I now return to the suggestion of Weinfeld on 148. I have briefly analyzed the treaty structure of Deuteronomy and mentioned that it contains as well a law-code which is abnormal to treaties of the time, and not found in Joshua 24. A law-code was meant to be internal while the treaty of vassalage was meant to be external (p156). As Weinfeld notes, Moses is seen as bringing about the legal reform needed to bring Israel through the transition (p152) which the Exodus (exile) would have caused. What brought them through the transition was in fact the reform brought by the Torah. In the Exile, what held the Israelites together was very much the tradition as expressed in Deuteronomy and allowed them to establish the community upon return which Moses had told them should be established.
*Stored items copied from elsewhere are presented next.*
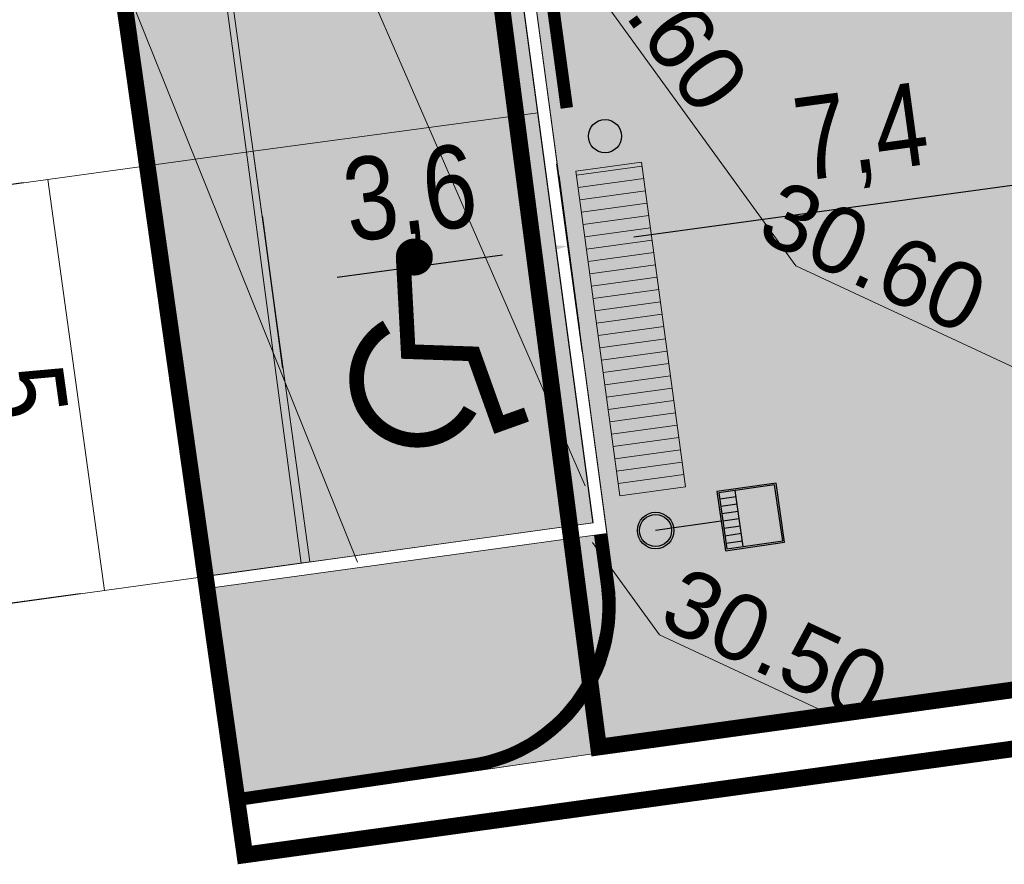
# Model space of a CAD drawing. Header units: metres. Extents: x 737835 to 905050, y 6570742 to 6590316.
# Tile 3 of 64: x 737973 to 737985, y 6589974 to 6589984. Entities that reach past the tile are written whole.
import ezdxf

# ---------------------------------------------------------------- set-up
doc = ezdxf.new("R2010")
doc.units = ezdxf.units.M
doc.header["$LTSCALE"] = 0.5
doc.linetypes.add('DASHED', pattern=[0.75, 0.5, -0.25])
doc.linetypes.add('TOOPIIR', pattern=[7, 6, -1])
for name, color, linetype, lineweight in [('AS_asfalttee sõiduauto', 9, 'Continuous', 0), ('AS_haljastus_muru', 63, 'Continuous', 5), ('AS_kattemärgistus', 8, 'Continuous', 9), ('AS_krundipiir', 1, 'Continuous', 30), ('AS_mõõdud', 7, 'Continuous', 0), ('AS_parkimine', 252, 'Continuous', 9), ('AS_sillutiskivi PK', 253, 'Continuous', 5), ('AS_teed', 7, 'Continuous', 13), ('AS_tänavavalgustid', 222, 'Continuous', 13), ('AS_töömaapiir PK', 6, 'Continuous', 13), ('AS_äärekivi 0cm', 7, 'Continuous', 13), ('AS_äärekivi 10cm', 7, 'Continuous', 13), ('AS_äärekivi 2cm', 7, 'Continuous', 13), ('TM-vertikaal', 5, 'Continuous', 35), ('TM-vertikaal-181548', 5, 'Continuous', 35)]:
    doc.layers.add(name, color=color, linetype=linetype, lineweight=lineweight)
doc.layers.add('AS_inventar', color=222, linetype='Continuous')
doc.layers.add('AS_valimoobel PK', color=7, linetype='Continuous')
doc.layers.add('TM-katend_asfalt_ST_t2', color=7, linetype='Continuous', lineweight=9, true_color=0xffcdcd)
doc.styles.add('Style-Arial Narrow', font='ARIALN.TTF')
doc.styles.add('TM_TXT', font='swissl.ttf')
doc.linetypes.add('kivi l0.8', pattern='A,0,[130,ltypeshp.shx,S=0.125,R=0,X=0,Y=0],-0.8', length=0.8)
doc.dimstyles.new('ISO-25', dxfattribs={"dimtxt": 2.5, "dimasz": 2.5, "dimexe": 1.25, "dimexo": 0.625, "dimtad": 1, "dimdec": 1, "dimtxsty": 'Standard', "dimcen": 2.5, "dimadec": 0, "dimazin": 0, "dimtfac": 1, "dimtdec": 1, "dimtmove": 0, "dimatfit": 3, "dimfxl": 1, "dimarcsym": 0})

# ---------------------------------------------------------------- blocks, each defined once
blk = doc.blocks.new('purre')
at = {"layer": 'AS_valimoobel PK', "lineweight": 13}
blk.add_lwpolyline([(539464.84, 6586946.053), (539465.64, 6586946.053), (539465.64, 6586942.103), (539464.84, 6586942.103), (539464.84, 6586946.053)], dxfattribs=at)
at = {"layer": 'AS_valimoobel PK', "color": 34, "linetype": 'Continuous', "lineweight": 0}
for points in [[(539464.84, 6586946.003), (539465.64, 6586946.003)], [(539464.84, 6586945.853), (539465.64, 6586945.853)], [(539464.84, 6586945.703), (539465.64, 6586945.703)], [(539464.84, 6586945.553), (539465.64, 6586945.553)], [(539464.84, 6586945.403), (539465.64, 6586945.403)], [(539464.84, 6586945.253), (539465.64, 6586945.253)], [(539464.84, 6586945.103), (539465.64, 6586945.103)], [(539464.84, 6586944.953), (539465.64, 6586944.953)], [(539464.84, 6586944.803), (539465.64, 6586944.803)], [(539464.84, 6586944.653), (539465.64, 6586944.653)], [(539464.84, 6586944.503), (539465.64, 6586944.503)], [(539464.84, 6586944.353), (539465.64, 6586944.353)], [(539464.84, 6586944.203), (539465.64, 6586944.203)], [(539464.84, 6586944.053), (539465.64, 6586944.053)], [(539464.84, 6586943.903), (539465.64, 6586943.903)], [(539464.84, 6586943.753), (539465.64, 6586943.753)], [(539464.84, 6586943.603), (539465.64, 6586943.603)], [(539464.84, 6586943.453), (539465.64, 6586943.453)], [(539464.84, 6586943.303), (539465.64, 6586943.303)], [(539464.84, 6586943.153), (539465.64, 6586943.153)], [(539464.84, 6586943.003), (539465.64, 6586943.003)], [(539464.84, 6586942.853), (539465.64, 6586942.853)], [(539464.84, 6586942.703), (539465.64, 6586942.703)], [(539464.84, 6586942.553), (539465.64, 6586942.553)], [(539464.84, 6586942.403), (539465.64, 6586942.403)], [(539464.84, 6586942.253), (539465.64, 6586942.253)]]:
    blk.add_lwpolyline(points, dxfattribs=at)
blk = doc.blocks.new('A$C1054690E')
at = {"layer": 'AS_kattemärgistus', "color": 8, "const_width": 0.177}
blk.add_lwpolyline([(0.406, -1.105), (0.19, -1.386), (0.907, -1.937), (0.691, -2.695), (1.752, -3.1)], dxfattribs=at)
blk.add_lwpolyline([(0.894, -3.035, -1.299531), (0.254, -1.769, -0.358805)], format="xyb", dxfattribs=at)
at = {"layer": 'AS_kattemärgistus', "color": 8, "const_width": 0.223}
blk.add_lwpolyline([(1.769, -3.082, -1), (1.83, -2.867, -1)], format="xyb", close=True, dxfattribs=at)
at = {"layer": 'AS_kattemärgistus', "color": 8}
blk.add_solid([(1.106, -2.759), (0.939, -2.695), (1.269, -2.185), (1.099, -2.137)], dxfattribs=at)
blk = doc.blocks.new('*D112')
at = {"layer": 'AS_mõõdud', "color": 0, "lineweight": -2, "transparency": 16777216}
for p, q in [((737987.372, 6589980.982), (737987.062, 6589983.25)), ((737980.066, 6589979.984), (737979.756, 6589982.253)), ((737980.684, 6589981.37), (737986.404, 6589982.151))]:
    blk.add_line(p, q, dxfattribs=at)
at = {"layer": 'AS_mõõdud', "color": 0, "transparency": 16777216}
for points in [[(737986.386, 6589982.283), (737986.422, 6589982.019), (737987.197, 6589982.259)], [(737980.666, 6589981.502), (737980.702, 6589981.238), (737979.891, 6589981.262)]]:
    blk.add_solid(points, dxfattribs=at)
at = {"layer": 'Defpoints', "color": 0, "transparency": 16777216}
for p in [(737987.197, 6589982.259), (737987.412, 6589980.684), (737980.106, 6589979.687)]:
    blk.add_point(p, dxfattribs=at)
at = {"layer": 'AS_mõõdud', "color": 0, "transparency": 16777216, "insert": (737983.436, 6589982.552), "char_height": 1, "attachment_point": 5, "rotation": 7.7757, "style": 'Style-Arial Narrow'}
blk.add_mtext('7,4', dxfattribs=at)
blk = doc.blocks.new('*D114')
at = {"layer": 'AS_mõõdud', "color": 0, "lineweight": -2, "transparency": 16777216}
for p, q in [((737979.78, 6589982.108), (737980.028, 6589980.271)), ((737976.201, 6589981.626), (737976.448, 6589979.789)), ((737977.108, 6589980.887), (737979.101, 6589981.155))]:
    blk.add_line(p, q, dxfattribs=at)
at = {"layer": 'AS_mõõdud', "color": 0, "transparency": 16777216}
for points in [[(737979.083, 6589981.288), (737979.119, 6589981.023), (737979.894, 6589981.262)], [(737977.09, 6589981.019), (737977.125, 6589980.755), (737976.315, 6589980.78)]]:
    blk.add_solid(points, dxfattribs=at)
at = {"layer": 'Defpoints', "color": 0, "transparency": 16777216}
for p in [(737979.74, 6589982.405), (737976.161, 6589981.923), (737979.894, 6589981.262)]:
    blk.add_point(p, dxfattribs=at)
at = {"layer": 'AS_mõõdud', "color": 0, "transparency": 16777216, "insert": (737977.997, 6589981.815), "char_height": 1, "attachment_point": 5, "rotation": 7.6729, "style": 'Style-Arial Narrow'}
blk.add_mtext('3,6', dxfattribs=at)
blk = doc.blocks.new('*D89')
at = {"layer": 'AS_mõõdud', "color": 0, "lineweight": -2, "transparency": 16777216}
for p, q in [((737973.321, 6589982.021), (737971.294, 6589981.741)), ((737972.394, 6589981.085), (737972.86, 6589977.717)), ((737974.006, 6589977.068), (737971.979, 6589976.788))]:
    blk.add_line(p, q, dxfattribs=at)
at = {"layer": 'AS_mõõdud', "color": 0, "transparency": 16777216}
for points in [[(737972.526, 6589981.104), (737972.262, 6589981.067), (737972.284, 6589981.878)], [(737972.992, 6589977.736), (737972.728, 6589977.699), (737972.969, 6589976.925)]]:
    blk.add_solid(points, dxfattribs=at)
at = {"layer": 'Defpoints', "color": 0, "transparency": 16777216}
for p in [(737973.618, 6589982.062), (737974.303, 6589977.109), (737972.969, 6589976.925)]:
    blk.add_point(p, dxfattribs=at)
at = {"layer": 'AS_mõõdud', "color": 0, "transparency": 16777216, "insert": (737973.329, 6589979.498), "char_height": 1, "attachment_point": 5, "rotation": 277.8747, "style": 'Style-Arial Narrow'}
blk.add_mtext('5', dxfattribs=at)

msp = doc.modelspace()

# ---------------------------------------------------------------- hatches: boundary and pattern name
at = {"layer": 'AS_asfalttee sõiduauto'}
h = msp.add_hatch(color=256, dxfattribs=at)
h.dxf.hatch_style = 1
h.paths.add_polyline_path([(737972.114, 6590011.181), (737975.646, 6590011.669), (737980.194, 6589977.924), (737976.779, 6589977.452), (737976.094, 6589982.405), (737972.8, 6590006.224)])
at = {"layer": 'AS_haljastus_muru'}
h = msp.add_hatch(color=256, dxfattribs=at)
h.dxf.hatch_style = 1
edge = h.paths.add_edge_path()
edge.add_line((737980.213, 6589977.776), (737980.295, 6589977.161))
edge.add_arc((737978.448, 6589976.918), 1.863, -81.0218, 7.5171, ccw=False)
edge.add_line((737978.739, 6589975.077), (737975.794, 6589974.642))
edge.add_line((737975.794, 6589974.642), (737975.452, 6589977.121))
edge.add_line((737975.452, 6589977.121), (737980.213, 6589977.776))
at = {"layer": 'AS_sillutiskivi PK'}
h = msp.add_hatch(dxfattribs=at)
h.set_pattern_fill('AR-HBONE', color=256, scale=0.003)
edge = h.paths.add_edge_path()
edge.add_line((737994.572, 6589989.499), (737988.348, 6589988.663))
edge.add_arc((737988.081, 6589990.645), 2, 187.773, 277.6572, ccw=False)
edge.add_line((737986.1, 6589990.374), (737984.328, 6590003.354))
edge.add_arc((737984.1, 6590005.843), 2.5, 100.3087, 275.2385, ccw=False)
edge.add_line((737983.652, 6590008.303), (737979.804, 6590036.782))
edge.add_line((737979.804, 6590036.782), (737976.995, 6590057.358))
edge.add_line((737976.995, 6590057.358), (737974.279, 6590077.254))
edge.add_line((737974.279, 6590077.254), (737970.762, 6590076.774))
edge.add_line((737970.762, 6590076.774), (737974.489, 6590049.471))
edge.add_arc((737972.508, 6590049.201), 2, -82.2264, 7.7736, ccw=False)
edge.add_line((737972.778, 6590047.219), (737970.89, 6590046.961))
edge.add_line((737970.89, 6590046.961), (737971.126, 6590045.206))
edge.add_line((737971.126, 6590045.206), (737971.536, 6590045.261))
edge.add_arc((737971.735, 6590043.774), 1.5, 7.774, 97.6236, ccw=False)
edge.add_line((737973.221, 6590043.977), (737977.392, 6590013.422))
edge.add_arc((737975.906, 6590013.219), 1.5, -82.222, 7.774, ccw=False)
edge.add_line((737976.109, 6590011.733), (737975.795, 6590011.69))
edge.add_line((737975.795, 6590011.69), (737977.399, 6589999.785))
edge.add_line((737977.399, 6589999.785), (737979.222, 6590000.03))
edge.add_arc((737979.489, 6589998.048), 2, 7.8368, 97.6753, ccw=False)
edge.add_line((737981.47, 6589998.321), (737982.92, 6589987.787))
edge.add_arc((737981.436, 6589987.583), 1.498, -82.2108, 7.8368, ccw=False)
edge.add_line((737981.639, 6589986.098), (737979.285, 6589985.781))
edge.add_line((737979.285, 6589985.781), (737980.444, 6589977.181))
edge.add_arc((737978.448, 6589976.918), 2.013, -81.0467, 7.5214, ccw=False)
edge.add_line((737978.761, 6589974.929), (737989.998, 6589976.573))
edge.add_arc((737989.722, 6589978.554), 2, 187.7736, 277.9533, ccw=False)
edge.add_line((737987.74, 6589978.283), (737987.133, 6589982.732))
edge.add_arc((737989.114, 6589983.003), 2, 97.9805, 187.7736, ccw=False)
edge.add_line((737988.837, 6589984.983), (737995.076, 6589985.858))
edge.add_line((737995.076, 6589985.858), (737994.572, 6589989.499))
at = {"layer": 'TM-katend_asfalt_ST_t2'}
h = msp.add_hatch(color=256, dxfattribs=at)
h.dxf.hatch_style = 1
h.paths.add_polyline_path([(737975.526, 6589977.279), (737976.779, 6589977.452), (737972.114, 6590011.181), (737970.745, 6590010.987)])

# ---------------------------------------------------------------- linework, layer by layer
at = {"layer": 'AS_asfalttee sõiduauto'}
msp.add_lwpolyline([(737972.114, 6590011.181), (737975.646, 6590011.669), (737980.194, 6589977.924), (737976.673, 6589977.438), (737976.013, 6589982.393), (737972.799, 6590006.228)], close=True, dxfattribs=at)
at = {"layer": 'AS_asfalttee sõiduauto', "color": 254, "true_color": 0xfeeab9}
msp.add_lwpolyline([(737975.526, 6589977.279), (737976.779, 6589977.452), (737972.114, 6590011.181), (737970.745, 6590010.987), (737975.526, 6589977.279)], dxfattribs=at)
at = {"layer": 'AS_inventar', "color": 222, "lineweight": 30}
msp.add_circle((737980.338, 6589982.585), 0.2, dxfattribs=at)
at = {"layer": 'AS_krundipiir', "lineweight": 35, "const_width": 0.2, "flags": 128}
msp.add_lwpolyline([(738030.83, 6590099.22), (737965.08, 6590090.16), (737977.76, 6589994.35), (737980.26, 6589975.22), (738046, 6589984.3), (738047.2, 6589985.75), (738039.73, 6590036.9)], close=True, dxfattribs=at)
at = {"layer": 'AS_parkimine'}
for p, q in [((737976.094, 6589982.405), (737979.529, 6589982.867)), ((737973.618, 6589982.062), (737976.094, 6589982.405)), ((737976.094, 6589982.405), (737976.779, 6589977.452)), ((737974.303, 6589977.109), (737973.618, 6589982.062))]:
    msp.add_line(p, q, dxfattribs=at)
msp.add_lwpolyline([(737971.141, 6589981.72), (737973.618, 6589982.062), (737974.303, 6589977.109), (737971.826, 6589976.767)], close=True, dxfattribs=at)
at = {"layer": 'AS_sillutiskivi PK', "color": 9}
msp.add_lwpolyline([(737973.221, 6590043.977), (737977.392, 6590013.422, -0.414193), (737976.109, 6590011.733), (737975.795, 6590011.69), (737977.399, 6589999.785), (737977.399, 6589999.785), (737979.222, 6590000.03, -0.413388), (737981.47, 6589998.321), (737982.92, 6589987.787, -0.414457), (737981.639, 6589986.098), (737979.285, 6589985.781), (737979.285, 6589985.781), (737980.444, 6589977.181, -0.406912), (737978.761, 6589974.929), (737989.998, 6589976.573, -0.415132), (737987.74, 6589978.283), (737987.133, 6589982.732, -0.413156), (737988.837, 6589984.983), (737995.076, 6589985.858), (737994.572, 6589989.499)], format="xyb", dxfattribs=at)
at = {"layer": 'AS_teed'}
msp.add_line((737989.998, 6589976.573), (737975.815, 6589974.498), dxfattribs=at)
at = {"layer": 'AS_tänavavalgustid', "color": 224, "lineweight": 30}
for p, q in [((737981.721, 6589978.215), (737981.919, 6589978.243)), ((737981.734, 6589978.125), (737981.932, 6589978.154)), ((737981.747, 6589978.036), (737981.945, 6589978.065)), ((737981.759, 6589977.947), (737981.957, 6589977.976)), ((737981.772, 6589977.858), (737981.97, 6589977.887)), ((737981.785, 6589977.769), (737981.983, 6589977.798)), ((737981.798, 6589977.68), (737981.996, 6589977.708))]:
    msp.add_line(p, q, dxfattribs=at)
for points in [[(737981.688, 6589978.301), (737981.791, 6589977.588), (737982.504, 6589977.691), (737982.401, 6589978.403)], [(737981.711, 6589978.284), (737981.808, 6589977.611), (737982.481, 6589977.707), (737982.384, 6589978.381)]]:
    msp.add_lwpolyline(points, close=True, dxfattribs=at)
for points in [[(737982.006, 6589977.639), (737981.909, 6589978.312)], [(737981.74, 6589977.944), (737980.948, 6589977.831)]]:
    msp.add_lwpolyline(points, dxfattribs=at)
for radius in [0.22, 0.193]:
    msp.add_circle((737980.948, 6589977.831), radius, dxfattribs=at)
at = {"layer": 'AS_töömaapiir PK', "color": 6, "linetype": 'TOOPIIR', "lineweight": 30, "ltscale": 0.5, "flags": 128}
msp.add_lwpolyline([(737963.827, 6590096.358, 0.2, 0.2, 0), (738033.37, 6590105.993, 0.2, 0.2, 0), (738033.37, 6590105.993, 0.2, 0.2, 0), (738033.37, 6590105.993, 0.2, 0.2, 0), (738033.37, 6590105.993, 0.2, 0.2, 0), (738033.37, 6590105.993, 0.2, 0.2, 0), (738033.37, 6590105.993, 0.2, 0.2, 0), (738033.37, 6590105.993, 0.2, 0.2, 0), (738033.37, 6590105.993, 0.2, 0.2, 0), (738049.31, 6589984.041, 0.2, 0.2, 0), (738049.31, 6589984.041, 0.2, 0.2, 0), (737975.994, 6589973.92, 0.2, 0.2, 0), (737970.689, 6590011.382, 0.2, 0.2, 0), (737975.201, 6590011.99, 0.2, 0.2, 0), (737963.896, 6590095.866, 0, 0, 0)], format="xyseb", dxfattribs=at)
at = {"layer": 'AS_äärekivi 0cm', "linetype": 'kivi l0.8', "ltscale": 0.6, "const_width": 0.15, "flags": 128}
msp.add_lwpolyline([(737980.287, 6589977.786), (737980.37, 6589977.171, -0.40684), (737978.75, 6589975.003), (737975.804, 6589974.572)], format="xyb", dxfattribs=at)
at = {"layer": 'AS_äärekivi 0cm'}
for points in [[(737980.213, 6589977.776), (737980.295, 6589977.161, -0.406764), (737978.739, 6589975.077), (737975.793, 6589974.646)], [(737980.361, 6589977.796), (737980.444, 6589977.181, -0.406912), (737978.761, 6589974.929), (737975.815, 6589974.498)]]:
    msp.add_lwpolyline(points, format="xyb", dxfattribs=at)
at = {"layer": 'AS_äärekivi 10cm'}
for p, q in [((737975.646, 6590011.67), (737980.192, 6589977.924)), ((737975.795, 6590011.69), (737980.361, 6589977.796)), ((737980.192, 6589977.924), (737974.303, 6589977.109)), ((737980.361, 6589977.796), (737975.452, 6589977.121))]:
    msp.add_line(p, q, dxfattribs=at)
at = {"layer": 'AS_äärekivi 2cm', "linetype": 'DASHED', "ltscale": 2, "const_width": 0.15, "flags": 128}
msp.add_lwpolyline([(737979.485, 6589985.811), (737979.877, 6589982.926)], dxfattribs=at)
at = {"layer": 'TM-vertikaal-181548', "color": 151, "lineweight": 9, "elevation": 30.6}
for points in [[(737977.354, 6589977.451), (737973.884, 6589986.069), (737967.436, 6589989.662), (737974.304, 6589995.053), (737976.524, 6590006.26)], [(737980.098, 6589978.371), (737975.269, 6589989.432), (737977.913, 6589995.45)]]:
    msp.add_lwpolyline(points, dxfattribs=at)
at = {"layer": 'TM-vertikaal-181548', "color": 151, "linetype": 'Continuous', "lineweight": 9, "flags": 128}
for points, elevation in [([(737979.132, 6589985.857), (737982.641, 6589981.023), (737987.877, 6589978.583)], 30.6), ([(737980.186, 6589977.688), (737980.996, 6589976.572), (737983.09, 6589975.597)], 30.5)]:
    msp.add_lwpolyline(points, dxfattribs=dict(at, elevation=elevation))

# ---------------------------------------------------------------- block references
at = {"layer": 'AS_kattemärgistus', "color": 8, "xscale": -1, "rotation": 252.1528492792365}
msp.add_blockref('A$C1054690E', (737980.318, 6589978.504), dxfattribs=at)
at = {"layer": 'AS_valimoobel PK', "rotation": 7.684514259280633}
msp.add_blockref('purre', (1084155.372, -9945.351), dxfattribs=at)

# ---------------------------------------------------------------- texts
at = {"layer": 'TM-vertikaal', "color": 151, "linetype": 'Continuous', "lineweight": 35, "char_height": 0.8, "attachment_point": 8, "style": 'TM_TXT'}
for s, insert, rotation in [('30.60', (737980.644, 6589983.919, 30.6), 305.9689), ('30.60', (737983.404, 6589980.761, 30.6), 335.0247), ('30.50', (737982.222, 6589976.095, 30.5), 335.0247)]:
    msp.add_mtext(s, dxfattribs=dict(at, insert=insert, rotation=rotation))

# ---------------------------------------------------------------- dimensions: what is measured, and where the dimension line sits
at = {"layer": 'AS_mõõdud'}
for p1, p2, distance, picture, middle in [((737980.106, 6589979.687), (737987.412, 6589980.684), 1.59, '*D112', (737983.436, 6589982.552)), ((737976.161, 6589981.923), (737979.74, 6589982.405), -1.153, '*D114', (737977.997, 6589981.815)), ((737973.618, 6589982.062), (737974.303, 6589977.109), -1.346, '*D89', (737973.329, 6589979.498))]:
    dim = msp.add_aligned_dim(p1=p1, p2=p2, distance=distance, dimstyle='ISO-25', override={"dimtxt": 1, "dimasz": 0.8, "dimexe": 1, "dimexo": 0.3, "dimgap": 0.2, "dimtxsty": 'Style-Arial Narrow', "dimtmove": 1}, dxfattribs=at)
    dim.commit()
    dim.dimension.update_dxf_attribs({"geometry": picture, "text_midpoint": middle})

doc.saveas('drawing.dxf')

Further, it kept in their minds their own history of being slaves (Deut 5.12-15) and the liberation brought by the perfect Lawgiver, Moses.
What may be lacking is why the two are incorporated together, especially when we see that it wasn’t historically done so in other Ancient Near Eastern treaties and law-codes nor in biblical history (Exodus 19-24 and Joshua 24). In Deuteronomy 4.8 we see that no other nation had the Law which was being delivered to Israel. In Amos 9.7, God equalizes Israel with its neighbors and notes that the exodus from Egypt was nothing spectacular or unique to the Hebrews. Throughout Amos, what makes Israel special is their system of Justice, the same system which Deuteronomy now proposes to call attention to, as to what makes Israel special enough to be given in vassalage to the Most High God, YHWH. Thus, the Law Code prepares for the vassalage, which as Weinfeld notes, is different in that it is not a treaty between Israel and Assyria any longer, but between Israel and YHWH. It is, for the first time, a divine betrothal which unites the political vassalage with the law-code of holiness, allowing not a foreign king to visit the land, but a Divine King to intermingle with Israel. Although, I admit that this is based in part on my biases in seeing Deuteronomy as a covenant from the ground up, offered from Israel to God, as I have continuously expressed.